Housing crisis

There is a housing crisis in Whitehorse, and as summer tourist season ramps up it's going to get worse, says the Yukon Anti-Poverty Coalition.

There is a housing crisis in Whitehorse, and as summer tourist season ramps up it’s going to get worse, says the Yukon Anti-Poverty Coalition.

“We have this seasonal thing of people being evicted from their hotel rooms in advance of the tourist onslaught so that higher rents can be charged,” said Ross Findlater, a coalition co-chair.

“We’re really calling on all levels of government and any concerned citizens to step up to the plate.”

So the coalition is considering housing people in churches, schools, old nursing residences and renovating Yukon Housing Corp. stock in the south end of downtown.

This week, at a meeting held in the parking lot of the Salvation Army parking lot, people even considered erecting a tent city.

“People are tired of sleeping on chairs and under tables,” said Kate Mechan, the housing navigator with Blood Ties Four Directions. “Right now we’re exploring the possibility of a tent city.”

It’s not meant to be an act of resistance, she said, and there would be some practical benefits to something like that.

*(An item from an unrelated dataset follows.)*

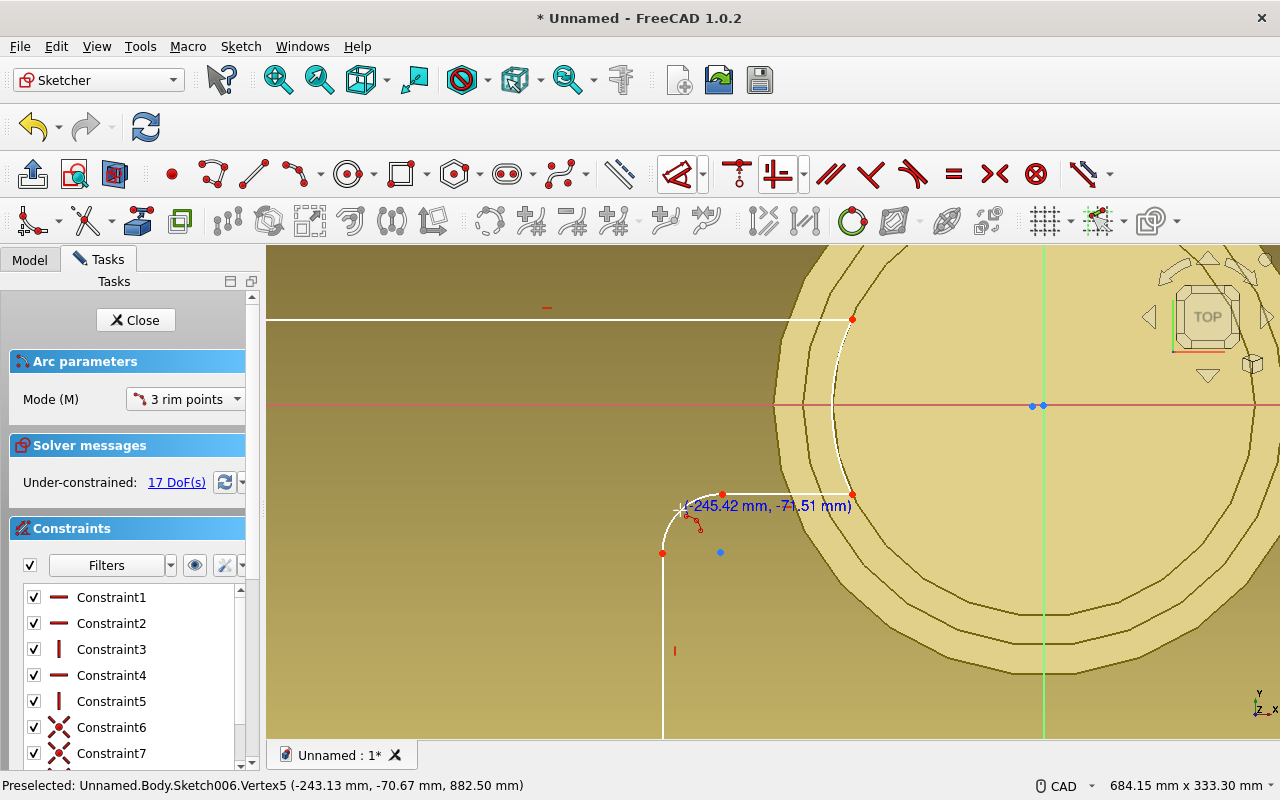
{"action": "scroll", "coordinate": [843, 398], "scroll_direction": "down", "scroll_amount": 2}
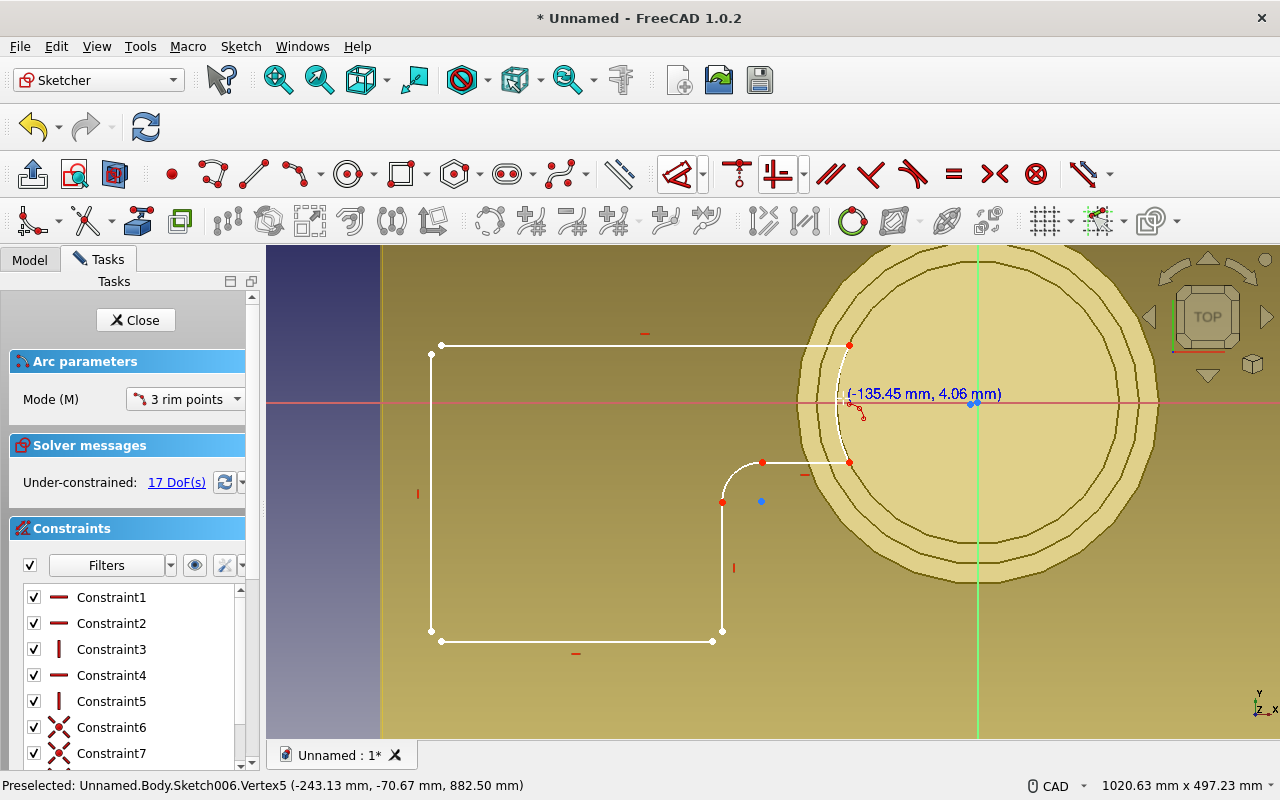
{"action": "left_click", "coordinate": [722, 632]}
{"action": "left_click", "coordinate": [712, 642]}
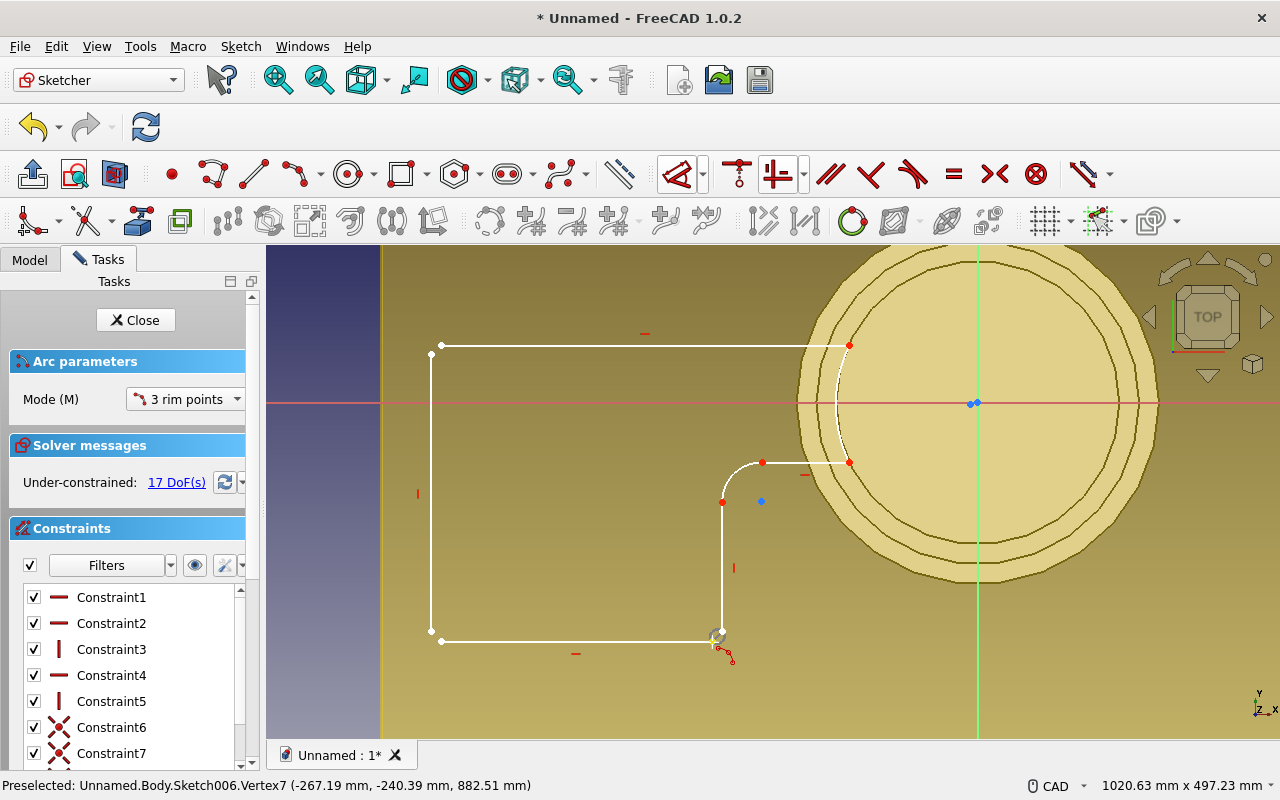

“From the standpoint of an outreach worker we would be able to provide support in one spot,” said Mechan. “It would also demonstrate to the city how great the need truly is.”

The city wouldn’t put the kibosh on a tent city, but it must conform to current bylaws, said Mayor Bev Buckway.

“It’s a tough situation,” she said.

And it’s not just those on the economic margins who are hurt by the housing shortage, business is also affected.

“The housing situation is a crisis,” said Rick Karp, president of the Whitehorse Chamber of Commerce.

With a vacancy rate of just one per cent, and the average price of a house at around $400,000, Whitehorse is a tough sell for employers.

“We can’t attract people to Whitehorse if there’s no place to live,” he said. “We are losing a lot of potential employees at all levels of skill.”

In addition, the acute lack of small apartments and starter homes is stifling people economically, said Karp.

“We need to increase the potential for upward mobility,” he said. “We’ve lost that capacity.”

The Chamber wants to see the government take action on revamping the Landlord Tenant Act, something that has been put off for years.

Updating that legislation would benefit owners and renters by setting firm standards, said Karp.

“It’s a desperate situation we have right now,” he said,” People are living in circumstances that aren’t the best.”

Given the depth of the crisis, it was disheartening to learn the government has been sitting on $17.5 million in affordable housing money for years, said Findlater.

“It’s quite concerning,” he said. “It just added to the sense of frustration people were experiencing.”

“That pile of money shows a complete disregard,” said Mechan. “People are feeling hopeless and let down by the government.

“There really isn’t any excuse of not acting.”